Content starts

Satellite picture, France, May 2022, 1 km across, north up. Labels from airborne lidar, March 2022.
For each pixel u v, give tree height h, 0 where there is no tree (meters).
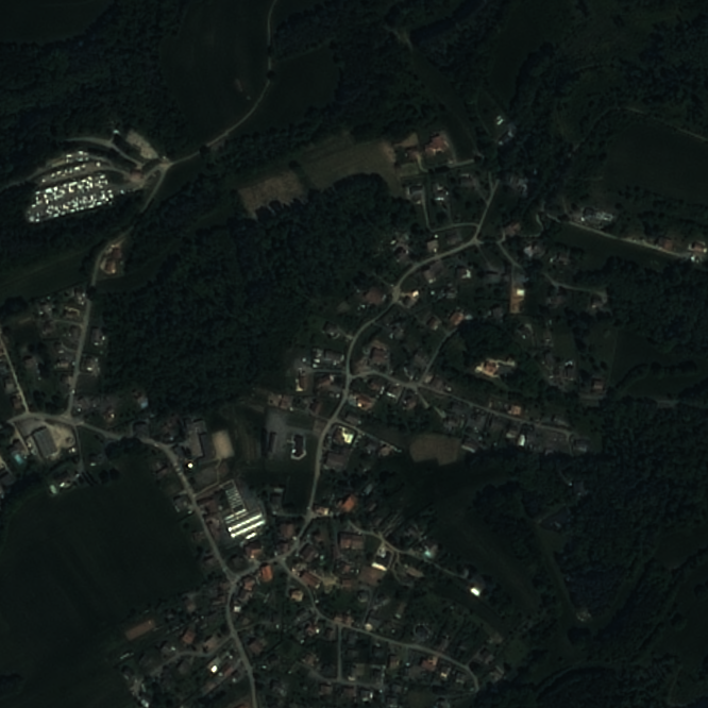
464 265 0
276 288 26
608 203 0
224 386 20
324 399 0
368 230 28
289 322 16
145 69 25
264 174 0
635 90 8
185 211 25
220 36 0
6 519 7
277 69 0
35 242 25
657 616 12
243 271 20
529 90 27
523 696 24
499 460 23
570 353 0
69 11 0
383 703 0
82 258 0
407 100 13
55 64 29
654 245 0
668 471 27
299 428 0
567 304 0
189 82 0
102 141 0
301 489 0
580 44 0
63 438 0
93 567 0
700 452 19
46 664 0
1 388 0
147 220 15
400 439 0
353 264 16
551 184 18
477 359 16
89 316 0
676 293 32
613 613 0
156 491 0
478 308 0
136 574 0
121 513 0
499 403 0
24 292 0
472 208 10
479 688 0
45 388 0
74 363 0
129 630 0
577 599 21
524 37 0
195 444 0
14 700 0
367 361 0
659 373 17
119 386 13
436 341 0
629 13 26
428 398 0
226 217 0
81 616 0
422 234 17
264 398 0
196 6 0
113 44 24
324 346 0
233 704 0
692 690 0
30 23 0
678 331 24
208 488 0
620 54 0
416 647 0
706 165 0
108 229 22
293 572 0
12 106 27
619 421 20
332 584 0
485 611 0
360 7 18
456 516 0
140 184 0
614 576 23
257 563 0
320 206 25
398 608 0
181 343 19
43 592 0
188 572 0
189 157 0
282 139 10
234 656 9
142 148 0
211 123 0
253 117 0
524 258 13
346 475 8
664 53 25
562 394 12
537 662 12
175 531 0
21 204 15
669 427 19
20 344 6
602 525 21
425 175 0
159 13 15
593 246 0
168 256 0
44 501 0
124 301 8
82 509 0
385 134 8
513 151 22
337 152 0
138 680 0
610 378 0
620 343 0
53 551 0
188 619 7
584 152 7
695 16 0
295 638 7
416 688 6
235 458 0
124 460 0
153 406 12
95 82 17
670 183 0
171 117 9
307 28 21
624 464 24
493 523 18
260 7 0
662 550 0
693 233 10
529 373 17
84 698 0
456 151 0
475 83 22
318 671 0
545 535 0
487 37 18
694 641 0
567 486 17
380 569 0
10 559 0
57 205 0
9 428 18
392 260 6
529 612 0
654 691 8
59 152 12
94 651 0
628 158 0
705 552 7
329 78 0
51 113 21
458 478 0
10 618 0
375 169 0
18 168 24
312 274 33
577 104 0
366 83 25
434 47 24
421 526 6
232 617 0
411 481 0
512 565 0
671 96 16
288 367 0
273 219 31
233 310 30
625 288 21

Content ends

• **EXERCISE DETAILS**
Reprint the data verbatim, pictures excluded.

• **ANSWER SECTION**
Satellite picture, France, May 2022, 1 km across, north up. Labels from airborne lidar, March 2022.
For each pixel u v, give tree height h, 0 where there is no tree (meters).
464 265 0
276 288 26
608 203 0
224 386 20
324 399 0
368 230 28
289 322 16
145 69 25
264 174 0
635 90 8
185 211 25
220 36 0
6 519 7
277 69 0
35 242 25
657 616 12
243 271 20
529 90 27
523 696 24
499 460 23
570 353 0
69 11 0
383 703 0
82 258 0
407 100 13
55 64 29
654 245 0
668 471 27
299 428 0
567 304 0
189 82 0
102 141 0
301 489 0
580 44 0
63 438 0
93 567 0
700 452 19
46 664 0
1 388 0
147 220 15
400 439 0
353 264 16
551 184 18
477 359 16
89 316 0
676 293 32
613 613 0
156 491 0
478 308 0
136 574 0
121 513 0
499 403 0
24 292 0
472 208 10
479 688 0
45 388 0
74 363 0
129 630 0
577 599 21
524 37 0
195 444 0
14 700 0
367 361 0
659 373 17
119 386 13
436 341 0
629 13 26
428 398 0
226 217 0
81 616 0
422 234 17
264 398 0
196 6 0
113 44 24
324 346 0
233 704 0
692 690 0
30 23 0
678 331 24
208 488 0
620 54 0
416 647 0
706 165 0
108 229 22
293 572 0
12 106 27
619 421 20
332 584 0
485 611 0
360 7 18
456 516 0
140 184 0
614 576 23
257 563 0
320 206 25
398 608 0
181 343 19
43 592 0
188 572 0
189 157 0
282 139 10
234 656 9
142 148 0
211 123 0
253 117 0
524 258 13
346 475 8
664 53 25
562 394 12
537 662 12
175 531 0
21 204 15
669 427 19
20 344 6
602 525 21
425 175 0
159 13 15
593 246 0
168 256 0
44 501 0
124 301 8
82 509 0
385 134 8
513 151 22
337 152 0
138 680 0
610 378 0
620 343 0
53 551 0
188 619 7
584 152 7
695 16 0
295 638 7
416 688 6
235 458 0
124 460 0
153 406 12
95 82 17
670 183 0
171 117 9
307 28 21
624 464 24
493 523 18
260 7 0
662 550 0
693 233 10
529 373 17
84 698 0
456 151 0
475 83 22
318 671 0
545 535 0
487 37 18
694 641 0
567 486 17
380 569 0
10 559 0
57 205 0
9 428 18
392 260 6
529 612 0
654 691 8
59 152 12
94 651 0
628 158 0
705 552 7
329 78 0
51 113 21
458 478 0
10 618 0
375 169 0
18 168 24
312 274 33
577 104 0
366 83 25
434 47 24
421 526 6
232 617 0
411 481 0
512 565 0
671 96 16
288 367 0
273 219 31
233 310 30
625 288 21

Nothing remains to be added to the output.